It’s still cold: it is January in Boston, after all, though most of our recent snow has melted. I’m switching between getting out in the weather (commuting, running, seeing friends) and curling up inside with good books. Here’s the latest roundup:

The Long Run: A Memoir of Loss and Life in Motion, Catriona Menzies-Pike
Menzies-Pike describes herself as a “gin-addled bookworm” who traded late nights for long runs, to her own surprise. She took up running almost on a whim, and it has transformed her sense of how she moves through the world. I recognized myself (I’m a novice runner) in this wry, insightful, whip-smart memoir about running, grief, moving forward, and the politics of running as a woman. Fantastic, and the perfect book for me right now.
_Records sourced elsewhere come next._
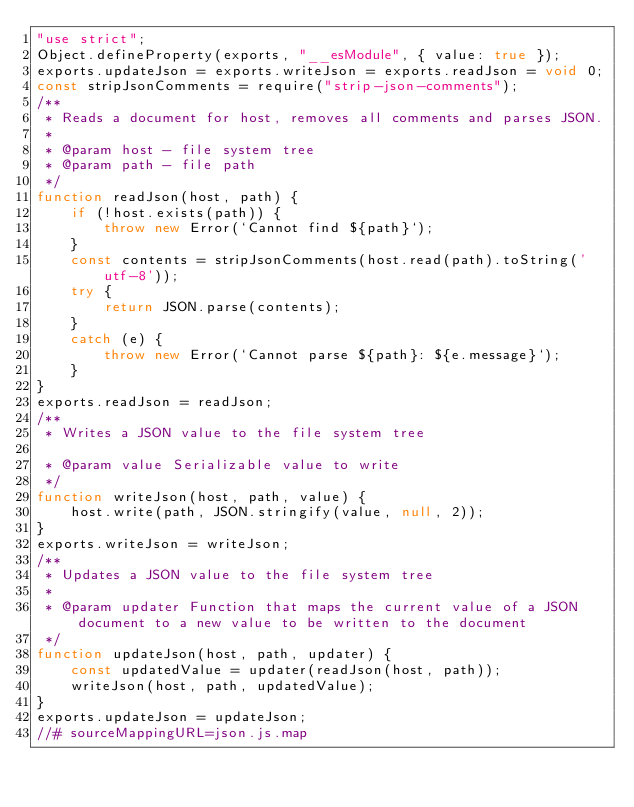<code> <loc_0><loc_0><loc_500><loc_500><_JavaScript_>"use strict";
Object.defineProperty(exports, "__esModule", { value: true });
exports.updateJson = exports.writeJson = exports.readJson = void 0;
const stripJsonComments = require("strip-json-comments");
/**
 * Reads a document for host, removes all comments and parses JSON.
 *
 * @param host - file system tree
 * @param path - file path
 */
function readJson(host, path) {
    if (!host.exists(path)) {
        throw new Error(`Cannot find ${path}`);
    }
    const contents = stripJsonComments(host.read(path).toString('utf-8'));
    try {
        return JSON.parse(contents);
    }
    catch (e) {
        throw new Error(`Cannot parse ${path}: ${e.message}`);
    }
}
exports.readJson = readJson;
/**
 * Writes a JSON value to the file system tree

 * @param value Serializable value to write
 */
function writeJson(host, path, value) {
    host.write(path, JSON.stringify(value, null, 2));
}
exports.writeJson = writeJson;
/**
 * Updates a JSON value to the file system tree
 *
 * @param updater Function that maps the current value of a JSON document to a new value to be written to the document
 */
function updateJson(host, path, updater) {
    const updatedValue = updater(readJson(host, path));
    writeJson(host, path, updatedValue);
}
exports.updateJson = updateJson;
//# sourceMappingURL=json.js.map</code>

The Winter Sea, Susanna Kearsley
Novelist Carrie McClelland heads to the ruins of Slains Castle, north of Aberdeen, to research her latest historical saga. She invents a heroine, naming her Sophia after a distant ancestor, but soon finds she’s writing down details she couldn’t have read elsewhere. Kearsley intertwines Carrie’s story with Sophia’s journey and the history of the Jacobites. Perfect midwinter reading – I loved the characters (especially the Countess of Erroll and Colonel Graeme), the romance and the setting.

Moxie, Jennifer Mathieu
I heard about this YA novel from Shelf Awareness, Sarah and Kari. Vivian is a good girl in small-town Texas who gets fed up with the egregious sexism at her high school from male students and administrators. Inspired by her mom’s Riot Grrrl zines, she makes her own – called Moxie – and starts a movement. I loved the fierce girl-power vibe, but also how messy and real it felt: Viv and her friends struggle to take a stand and reach across lines of race, class and cliques. Inspiring, fresh and often funny.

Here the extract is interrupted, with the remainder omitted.